Recorded data
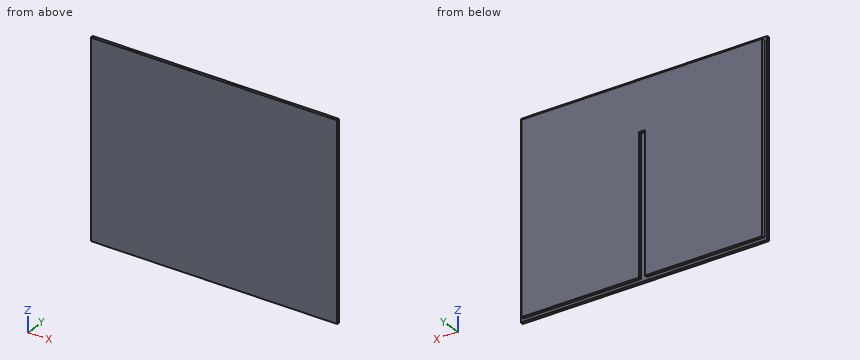
Autodesk Inventor part; units mm, degrees
ref_plane "YZ Plane" through (0, 0, 0) normal (1, 0, 0) x (0, 1, 0)
ref_plane "XZ Plane" through (0, 0, 0) normal (0, 1, 0) x (-1, 0, 0)
ref_plane "XY Plane" through (0, 0, 0) normal (0, 0, 1) x (1, 0, 0)
sketch "Sketch1" plane through (0, 0, 0) normal (0, 1, 0) x (-1, 0, 0)
  line L0 (367.8783, -267.593) -> (-432.2217, -267.593)
  line L1 (-432.2217, -267.593) -> (-432.2217, 354.707)
  line L2 (-432.2217, 354.707) -> (367.8783, 354.707)
  line L3 (367.8783, 354.707) -> (367.8783, -267.593)
  point P0 (0, 0)
  dimension "d0" = 622.3
  dimension "d1" = 800.1
extrude "Board" add sketch "Sketch1" along normal blind 19.05
sketch "Sketch3" plane through (0, 19.05, 0) normal (0, 1, 0) x (1, 0, 0)
  line L0 (432.2217, -354.707) -> (432.2217, 267.593)
  line L1 (22.6467, -186.432) -> (41.6967, -186.432)
  line L2 (41.6967, -186.432) -> (41.6967, 267.593)
  line L3 (41.6967, 267.593) -> (22.6467, 267.593)
  line L4 (22.6467, 267.593) -> (22.6467, -186.432)
  line L5 (432.2217, 267.593) -> (-367.8783, 267.593)
  line L6 (-367.8783, 267.593) -> (-367.8783, -354.707)
  point P0 (0, 0)
  dimension "d17" = 19.05
  dimension "d26" = 454.025
  dimension "d27" = 390.525
extrude "Vertical Wall Dado Cuts" cut sketch "Sketch3" against normal blind 9.525
sketch "Sketch5" plane through (0, 19.05, 0) normal (0, 1, 0) x (1, 0, 0)
  line L0 (-367.8783, -354.707) -> (432.2217, -354.707)
  line L1 (432.2217, -354.707) -> (422.6967, -354.707)
  line L2 (422.6967, -354.707) -> (422.6967, 267.593)
  line L3 (422.6967, 267.593) -> (432.2217, 267.593)
  line L4 (432.2217, 267.593) -> (432.2217, -354.707)
  line L5 (432.2217, 267.593) -> (-367.8783, 267.593)
  line L6 (-367.8783, -354.707) -> (-358.3533, -354.707)
  line L7 (-358.3533, -354.707) -> (-358.3533, 267.593)
  line L8 (-358.3533, 267.593) -> (-367.8783, 267.593)
  line L9 (-367.8783, 267.593) -> (-367.8783, -354.707)
  line L10 (432.2217, 267.593) -> (-367.8783, 267.593)
  line L11 (432.2217, -354.707) -> (-367.8783, -354.707)
  line L12 (-367.8783, -354.707) -> (-367.8783, -345.182)
  line L13 (-367.8783, -345.182) -> (432.2217, -345.182)
  line L14 (432.2217, -345.182) -> (432.2217, -354.707)
  line L15 (-367.8783, 267.593) -> (432.2217, 267.593)
  line L16 (432.2217, 267.593) -> (432.2217, 258.068)
  line L17 (432.2217, 258.068) -> (-367.8783, 258.068)
  line L18 (-367.8783, 258.068) -> (-367.8783, 267.593)
  line L19 (432.2217, -354.707) -> (432.2217, 267.593)
  point P0 (0, 0)
  point P1 (422.6967, 267.593)
  point P2 (22.6467, 267.593)
  point P3 (-348.8283, 267.593)
  dimension "d22" = 9.525
extrude "Perimeter rabbit dado" cut sketch "Sketch5" against normal blind 9.525 contours L9 L13 L7 L0 | L7 L13 L2 L0 | L9 L17 L7 L13 | L2 L13 L4 L0 | L9 L5 L7 L17 | L2 L17 L4 L13 | L7 L5 L2 L17 | L2 L3 L4 L17
equation "\"d27\" = -0.5 * d17 + 0.5 * d1"
properties part number "Top"
Read the model definition and answer for the solid it produces. Units are mm, in the model's axes. Give positions to 0.01 mm unless a question says otherwise; leave off trailing zeros. Order: outer loops, then holes, each group sorted by start corner. A loop starts at its lowest first (then second) coordinate and runs counter-clockwise, first axis right, second up.
(1) Find section C-C (x = -105). Give the vertices of the cut face in (y, z) (3 decimals), plus the area to 3 significant figures.
(2) Given pin 1 (7.5 mm diameter, centred on y = 16.5, z = 46, fed in from -X); pin 2 (7.5 mm diameter, centred on x = -209.5, y = 15, fed in from -Z); pin 3 (5 mm diameter, centred on y = 15.5, z = 186, fed in from +X), each flat-ended and moving along its own axis, determine where each tip first touches the part or whether it passes through.
(3) Straight lines are drawn through the part: L1, parallel to X at y = 9.75, z = -8; L2, parallel to Z at x = 137.5, y = 11.25; L3, parallel to X at y = 12.5, z = 242.5. For each, find the intervals that lie inside material, in ascending order.
(4) Find section A-A (y = 13.25). Give the vertices of the cut face in (x, z), plus the area to 3 significant figures.
(5) Find section B-B (z = 151.5). Give the vertices of the cut face in (x, y) (3 decimals), plus the area to 3 significant figures.
Result sheet:
1. outline: (0, -267.593) - (9.525, -267.593) - (9.525, -258.068) - (19.05, -258.068) - (19.05, 345.182) - (9.525, 345.182) - (9.525, 354.707) - (0, 354.707) - close
1. area: 11,700 mm2
2. pin 1: stops at x = -358.35
2. pin 2: stops at z = -258.07
2. pin 3: stops at x = 422.7
3. L1: x = -358.35 to 22.65, 41.7 to 422.7
3. L2: z = -258.07 to 345.18
3. L3: x = -358.35 to 422.7
4. outline: (-358.35, -258.07) - (22.65, -258.07) - (22.65, 186.43) - (41.7, 186.43) - (41.7, -258.07) - (422.7, -258.07) - (422.7, 345.18) - (-358.35, 345.18) - close
4. area: 463,000 mm2
5. outline: (-367.878, 0) - (432.222, 0) - (432.222, 9.525) - (422.697, 9.525) - (422.697, 19.05) - (41.697, 19.05) - (41.697, 9.525) - (22.647, 9.525) - (22.647, 19.05) - (-358.353, 19.05) - (-358.353, 9.525) - (-367.878, 9.525) - close
5. area: 14,900 mm2

◆ **Goal of the exercise**
Without the pictures, write out the lines from the beginning of the entries through the line with "line L3 (41.6967, 267.593)".

◆ **Task solution**
Autodesk Inventor part; units mm, degrees
ref_plane "YZ Plane" through (0, 0, 0) normal (1, 0, 0) x (0, 1, 0)
ref_plane "XZ Plane" through (0, 0, 0) normal (0, 1, 0) x (-1, 0, 0)
ref_plane "XY Plane" through (0, 0, 0) normal (0, 0, 1) x (1, 0, 0)
sketch "Sketch1" plane through (0, 0, 0) normal (0, 1, 0) x (-1, 0, 0)
  line L0 (367.8783, -267.593) -> (-432.2217, -267.593)
  line L1 (-432.2217, -267.593) -> (-432.2217, 354.707)
  line L2 (-432.2217, 354.707) -> (367.8783, 354.707)
  line L3 (367.8783, 354.707) -> (367.8783, -267.593)
  point P0 (0, 0)
  dimension "d0" = 622.3
  dimension "d1" = 800.1
extrude "Board" add sketch "Sketch1" along normal blind 19.05
sketch "Sketch3" plane through (0, 19.05, 0) normal (0, 1, 0) x (1, 0, 0)
  line L0 (432.2217, -354.707) -> (432.2217, 267.593)
  line L1 (22.6467, -186.432) -> (41.6967, -186.432)
  line L2 (41.6967, -186.432) -> (41.6967, 267.593)
  line L3 (41.6967, 267.593) -> (22.6467, 267.593)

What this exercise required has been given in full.